El Corte Inglés reactivates its divestment plans in non-strategic real estate and puts thirty assets up for sale for a figure that would be around 700 million.
The main real estate consultants, such as JLL, Savills, Cushman & Wakefield, BNP Paribas, Colliers, Knight Frank or CBRE, are in charge of leading the sale processes of each of these buildings, which the group of department stores expects to culminate in the third quarter of this year.

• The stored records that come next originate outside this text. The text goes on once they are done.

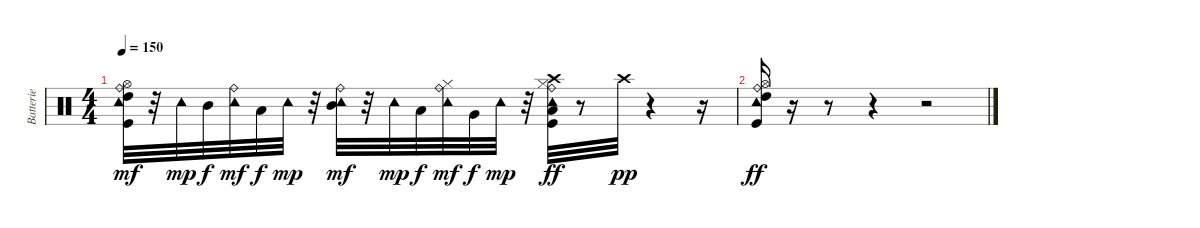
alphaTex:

\track ("Batterie" "Batterie") {instrument percussion}
\staff {score}
\articulation defaults
\ts (4 4)
\tempo 150
\clef neutral
\ks c
("Kick (hit)" "Hi-Hat (open)" "High Tom (hit)" "Ride (bell)" "Tambourine (hit)").32{dy mf} r.32 "Tambourine (hit)".32{dy mp} "Mid Tom (hit)".32{dy f} ("Ride (bell)" "Tambourine (hit)").32{dy mf} "Low Tom (hit)".32{dy f} "Tambourine (hit)".32{dy mp} r.32 ("Mid Tom (hit)" "Ride (bell)" "Tambourine (hit)").32{dy mf} r.32 "Tambourine (hit)".32{dy mp} "Low Tom (hit)".32{dy f} ("Hi-Hat (closed)" "Ride (bell)" "Tambourine (hit)").32{dy mf} "Very Low Tom (hit)".32{dy f} "Tambourine (hit)".32{dy mp} r.32 ("Kick (hit)" "Low Floor Tom (hit)" "Hi-Hat (closed)" "Crash high (hit)" "Ride (bell)" "Tambourine (hit)").32{dy ff} r.8 "Crash high (hit)".32{dy pp} r.4 r.16 |
("Kick (hit)" "Hi-Hat (open)" "High Tom (hit)" "Ride (bell)" "Tambourine (hit)").16{dy ff} r.16 r.8 r.4 r.2
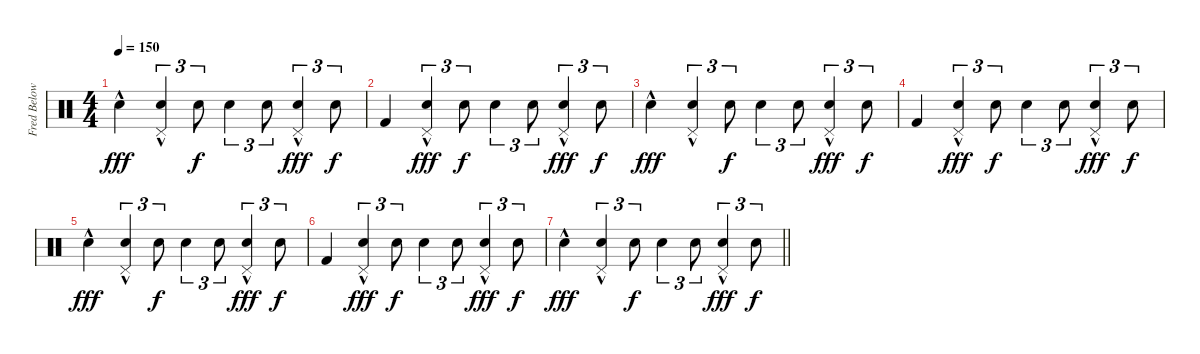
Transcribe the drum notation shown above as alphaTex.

\track ("Fred Below" "Fred Below") {instrument percussion}
\staff {score}
\articulation defaults
\ts (4 4)
\tempo 150
\clef neutral
\ks c "Snare (hit) 2"{hac}.4{dy fff volume 7}
("Snare (hit) 2"{hac} "Pedal Hi-Hat (hit)").4{tu (3 2)} "Snare (hit) 2".8{tu (3 2) dy f} "Electric Snare (hit)".4{tu (3 2)} "Snare (hit) 2".8{tu (3 2)} ("Hand Clap (hit)"{hac} "Pedal Hi-Hat (hit)").4{tu (3 2) dy fff} "Snare (hit) 2".8{tu (3 2) dy f} |
"Kick (hit) 2".4{volume 6} ("Snare (hit) 2"{hac} "Pedal Hi-Hat (hit)").4{tu (3 2) dy fff} "Snare (hit) 2".8{tu (3 2) dy f} "Electric Snare (hit)".4{tu (3 2)} "Snare (hit) 2".8{tu (3 2)} ("Hand Clap (hit)"{hac} "Pedal Hi-Hat (hit)").4{tu (3 2) dy fff} "Snare (hit) 2".8{tu (3 2) dy f} |
"Snare (hit) 2"{hac}.4{dy fff volume 5} ("Snare (hit) 2"{hac} "Pedal Hi-Hat (hit)").4{tu (3 2)} "Snare (hit) 2".8{tu (3 2) dy f} "Electric Snare (hit)".4{tu (3 2)} "Snare (hit) 2".8{tu (3 2)} ("Hand Clap (hit)"{hac} "Pedal Hi-Hat (hit)").4{tu (3 2) dy fff} "Snare (hit) 2".8{tu (3 2) dy f} |
"Kick (hit) 2".4{volume 3} ("Snare (hit) 2"{hac} "Pedal Hi-Hat (hit)").4{tu (3 2) dy fff} "Snare (hit) 2".8{tu (3 2) dy f} "Electric Snare (hit)".4{tu (3 2)} "Snare (hit) 2".8{tu (3 2)} ("Hand Clap (hit)"{hac} "Pedal Hi-Hat (hit)").4{tu (3 2) dy fff} "Snare (hit) 2".8{tu (3 2) dy f} |
"Snare (hit) 2"{hac}.4{dy fff volume 2} ("Snare (hit) 2"{hac} "Pedal Hi-Hat (hit)").4{tu (3 2)} "Snare (hit) 2".8{tu (3 2) dy f} "Electric Snare (hit)".4{tu (3 2)} "Snare (hit) 2".8{tu (3 2)} ("Hand Clap (hit)"{hac} "Pedal Hi-Hat (hit)").4{tu (3 2) dy fff} "Snare (hit) 2".8{tu (3 2) dy f} |
"Kick (hit) 2".4{volume 1} ("Snare (hit) 2"{hac} "Pedal Hi-Hat (hit)").4{tu (3 2) dy fff} "Snare (hit) 2".8{tu (3 2) dy f} "Electric Snare (hit)".4{tu (3 2)} "Snare (hit) 2".8{tu (3 2)} ("Hand Clap (hit)"{hac} "Pedal Hi-Hat (hit)").4{tu (3 2) dy fff} "Snare (hit) 2".8{tu (3 2) dy f} |
\barLineRight lightlight "Snare (hit) 2"{hac}.4{dy fff volume 0}
("Snare (hit) 2"{hac} "Pedal Hi-Hat (hit)").4{tu (3 2)} "Snare (hit) 2".8{tu (3 2) dy f} "Electric Snare (hit)".4{tu (3 2)} "Snare (hit) 2".8{tu (3 2)} ("Hand Clap (hit)"{hac} "Pedal Hi-Hat (hit)").4{tu (3 2) dy fff} "Snare (hit) 2".8{tu (3 2) dy f}
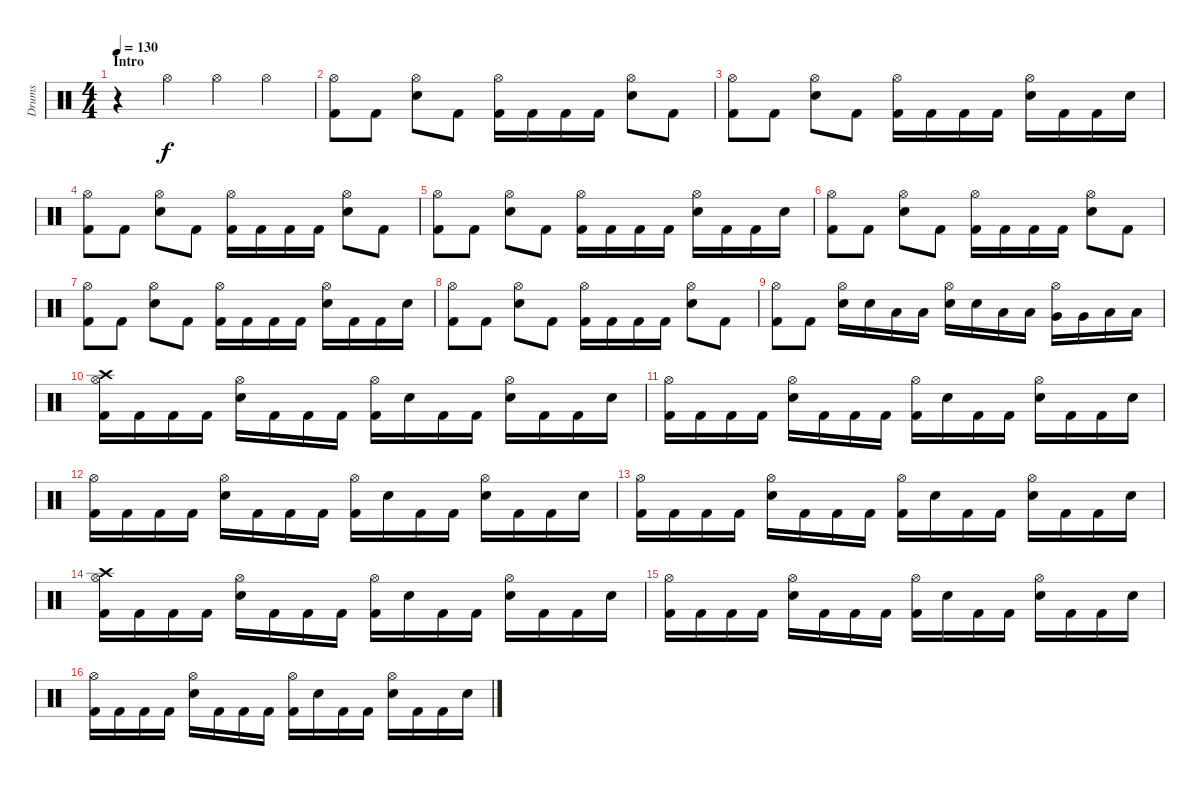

Among the assets, mostly offices and commercial premises, is the so-called Torre Titania, better known as Torre Azca, in Madrid, a 103-meter-high building with 27 floors, including five underground, which was erected on the site in the one where the Windsor Tower was located; as well as the Portal de l'Àngel shopping center in Barcelona. Together, both would have a market value that would exceed 550 million euros.
In Barcelona, there is also a 15,000 sqm office building located in 22@. And in Madrid there is also a shop for sale at number 3 Calle Magallanes, which has a tenant with a 10-year contract; and two buildings in front of kilometer zero: number 10 Puerta del Sol, with 4,853 sqm that comprise a mixed commercial-hotel use, and currently has as tenants a restaurant by chef Alberto Chicote and a chain sports store; and number 6 Maestro Victoria, a 1,857 sqm premises, which houses a pet store and whose use also includes the office segment.
Another of the emblematic properties in the El Corte Inglés portfolio that is coming onto the market is the centenary Gaybo building in Malaga. Located at number 11 Calle Héroe de Sostoa in the capital of Malaga, next to the AVE station, it has more than 5,000 m2 on one floor and has been leased for two years to the State Tax Agency, which signed a contract lease for five years, with the possibility of renewing another two years.
In parallel, the distribution giant will also divest in 40 lower value properties, such as car parks or flats distributed throughout the country. In this case, Aliseda will be in charge of finding a buyer for these assets.
The company's objective is to reduce its debt, which amounted to more than 3,800 million in 2020, by 60%; improve its ebitda by 40% by 2026 compared to before the pandemic, to 1,700 million, and double the net result it obtains in 2021, results that it has not yet published.